Reprogrammed alveolar macrophages after pneumonia recovery

Community-acquired pneumonia is a widespread disease with significant morbidity and mortality. Alveolar macrophages are tissue-resident lung cells that play a crucial role in innate immunity against bacteria causing pneumonia. We hypothesized that alveolar macrophages display adaptive characteristics after resolution of bacterial pneumonia. We studied mice one to six months after self-limiting lung infection due to Streptococcus pneumoniae, the most common cause of bacterial pneumonia. Among the myeloid cells recovered from the lung, only alveolar macrophages showed long-term modifications of their surface marker phenotype. The remodeling of alveolar macrophages was: (i) long-lasting (still observed 6 months post infection), (ii) regionally localized (only observed in the affected lobe after lobar pneumonia), and (iii) associated with a macrophage-dependent enhanced lung protection to another pneumococcal serotype. Metabolomic and transcriptomic profiling revealed that alveolar macrophages of mice which recovered from pneumonia had new baseline activities and altered responses to infection. Thus, the enhanced lung protection after mild and self-limiting respiratory infection includes a profound remodeling of alveolar macrophages that is long-lasting, compartmentalized, and manifest across surface receptors, metabolites, and both resting and stimulated transcriptomes.
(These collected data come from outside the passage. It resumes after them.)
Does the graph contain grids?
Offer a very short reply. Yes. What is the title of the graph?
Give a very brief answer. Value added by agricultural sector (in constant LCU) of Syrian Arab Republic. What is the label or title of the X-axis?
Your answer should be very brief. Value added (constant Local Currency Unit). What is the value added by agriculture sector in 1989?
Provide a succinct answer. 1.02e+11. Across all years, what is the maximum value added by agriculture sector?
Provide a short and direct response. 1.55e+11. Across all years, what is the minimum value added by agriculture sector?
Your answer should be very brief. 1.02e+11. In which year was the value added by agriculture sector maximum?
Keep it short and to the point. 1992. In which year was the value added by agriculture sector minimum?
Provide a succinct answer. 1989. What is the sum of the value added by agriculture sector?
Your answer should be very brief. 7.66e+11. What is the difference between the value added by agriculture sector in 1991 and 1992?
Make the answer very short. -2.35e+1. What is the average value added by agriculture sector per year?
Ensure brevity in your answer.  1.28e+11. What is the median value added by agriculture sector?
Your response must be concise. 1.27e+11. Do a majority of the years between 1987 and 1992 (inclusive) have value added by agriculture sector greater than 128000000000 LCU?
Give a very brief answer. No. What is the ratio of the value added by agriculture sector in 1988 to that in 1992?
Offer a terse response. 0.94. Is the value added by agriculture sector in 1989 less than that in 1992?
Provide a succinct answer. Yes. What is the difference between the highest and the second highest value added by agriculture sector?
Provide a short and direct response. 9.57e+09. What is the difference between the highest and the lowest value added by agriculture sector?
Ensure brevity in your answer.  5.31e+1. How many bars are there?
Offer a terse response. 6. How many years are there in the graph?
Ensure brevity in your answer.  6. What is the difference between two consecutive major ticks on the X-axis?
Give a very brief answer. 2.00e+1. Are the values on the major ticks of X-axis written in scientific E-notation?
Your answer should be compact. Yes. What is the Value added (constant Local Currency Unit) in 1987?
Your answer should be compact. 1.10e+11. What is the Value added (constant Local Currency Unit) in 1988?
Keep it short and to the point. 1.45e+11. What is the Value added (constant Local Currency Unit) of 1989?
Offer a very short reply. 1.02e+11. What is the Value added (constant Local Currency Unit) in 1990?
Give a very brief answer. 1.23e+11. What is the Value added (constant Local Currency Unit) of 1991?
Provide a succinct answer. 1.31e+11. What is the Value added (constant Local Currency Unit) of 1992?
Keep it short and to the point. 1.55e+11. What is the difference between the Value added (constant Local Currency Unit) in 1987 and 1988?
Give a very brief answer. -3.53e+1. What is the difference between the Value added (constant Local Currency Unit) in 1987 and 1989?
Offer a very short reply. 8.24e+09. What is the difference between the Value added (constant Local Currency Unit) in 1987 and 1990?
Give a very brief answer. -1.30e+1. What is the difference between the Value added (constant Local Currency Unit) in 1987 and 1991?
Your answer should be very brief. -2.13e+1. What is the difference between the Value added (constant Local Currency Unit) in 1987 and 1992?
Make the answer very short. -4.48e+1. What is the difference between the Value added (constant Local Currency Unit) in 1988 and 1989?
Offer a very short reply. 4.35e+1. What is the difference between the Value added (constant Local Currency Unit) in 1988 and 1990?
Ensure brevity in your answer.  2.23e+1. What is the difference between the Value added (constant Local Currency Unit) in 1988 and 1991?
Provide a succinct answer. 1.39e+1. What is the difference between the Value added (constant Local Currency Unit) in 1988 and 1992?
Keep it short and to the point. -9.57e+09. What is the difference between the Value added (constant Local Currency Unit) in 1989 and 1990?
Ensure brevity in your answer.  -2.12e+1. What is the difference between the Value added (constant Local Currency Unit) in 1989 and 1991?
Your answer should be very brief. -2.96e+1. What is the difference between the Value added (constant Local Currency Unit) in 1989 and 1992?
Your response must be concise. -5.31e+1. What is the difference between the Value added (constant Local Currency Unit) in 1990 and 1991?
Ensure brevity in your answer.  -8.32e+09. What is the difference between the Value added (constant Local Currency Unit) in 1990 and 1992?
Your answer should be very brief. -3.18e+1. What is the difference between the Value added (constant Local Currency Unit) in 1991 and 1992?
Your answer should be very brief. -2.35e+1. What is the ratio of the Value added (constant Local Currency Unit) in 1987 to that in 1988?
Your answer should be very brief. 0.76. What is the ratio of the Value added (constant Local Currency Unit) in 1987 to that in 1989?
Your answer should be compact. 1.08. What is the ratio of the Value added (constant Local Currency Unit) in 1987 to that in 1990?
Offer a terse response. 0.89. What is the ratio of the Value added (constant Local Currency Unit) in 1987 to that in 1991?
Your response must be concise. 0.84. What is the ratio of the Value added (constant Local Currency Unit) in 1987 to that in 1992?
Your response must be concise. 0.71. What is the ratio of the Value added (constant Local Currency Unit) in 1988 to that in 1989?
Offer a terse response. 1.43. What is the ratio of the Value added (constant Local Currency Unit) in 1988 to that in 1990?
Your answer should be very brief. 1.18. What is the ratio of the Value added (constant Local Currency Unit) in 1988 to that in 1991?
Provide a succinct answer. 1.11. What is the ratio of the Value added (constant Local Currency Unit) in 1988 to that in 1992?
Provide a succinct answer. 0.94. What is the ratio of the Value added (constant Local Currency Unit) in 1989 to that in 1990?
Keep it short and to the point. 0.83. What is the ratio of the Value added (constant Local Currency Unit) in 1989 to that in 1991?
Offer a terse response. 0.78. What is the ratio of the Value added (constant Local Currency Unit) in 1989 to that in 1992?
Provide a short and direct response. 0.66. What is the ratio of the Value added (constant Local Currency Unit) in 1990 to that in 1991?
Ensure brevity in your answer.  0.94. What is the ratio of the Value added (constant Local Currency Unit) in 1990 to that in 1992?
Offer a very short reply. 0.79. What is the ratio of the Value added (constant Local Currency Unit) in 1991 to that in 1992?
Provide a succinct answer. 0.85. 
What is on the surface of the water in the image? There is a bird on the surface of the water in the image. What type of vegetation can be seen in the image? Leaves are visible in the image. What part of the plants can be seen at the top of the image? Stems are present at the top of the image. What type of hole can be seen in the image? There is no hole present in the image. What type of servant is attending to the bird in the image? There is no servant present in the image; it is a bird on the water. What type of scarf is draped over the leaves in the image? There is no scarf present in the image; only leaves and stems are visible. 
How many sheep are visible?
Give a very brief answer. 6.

We used microarrays to detail the global program of gene expression for mouse alveolar macrophages sorted from lungs that were naïve or infected more than a month previously, at rest and during an acute (4-hour) infection. Mouse lungs were selected with varying types of infectious history for alveolar macrophage sorting and RNA extraction and hybridization on Affymetrix microarrays. We sought to obtain homogeneous populations of cells at each infection history stage in order to increase the resolution of how infection history influences expression profiles. To that end, we selected mice according to infectious criteria at four settings: not previously infected (Naive mice who receieved saline instead of SP19 a month previously) or previously infected twice with pneumococcus serotype 19F over a one-week interval more than a month previously (Experienced), either at rest (Control) or 4 hours into a current heterotypic infection with pneumococcus serotype 3 (SP3).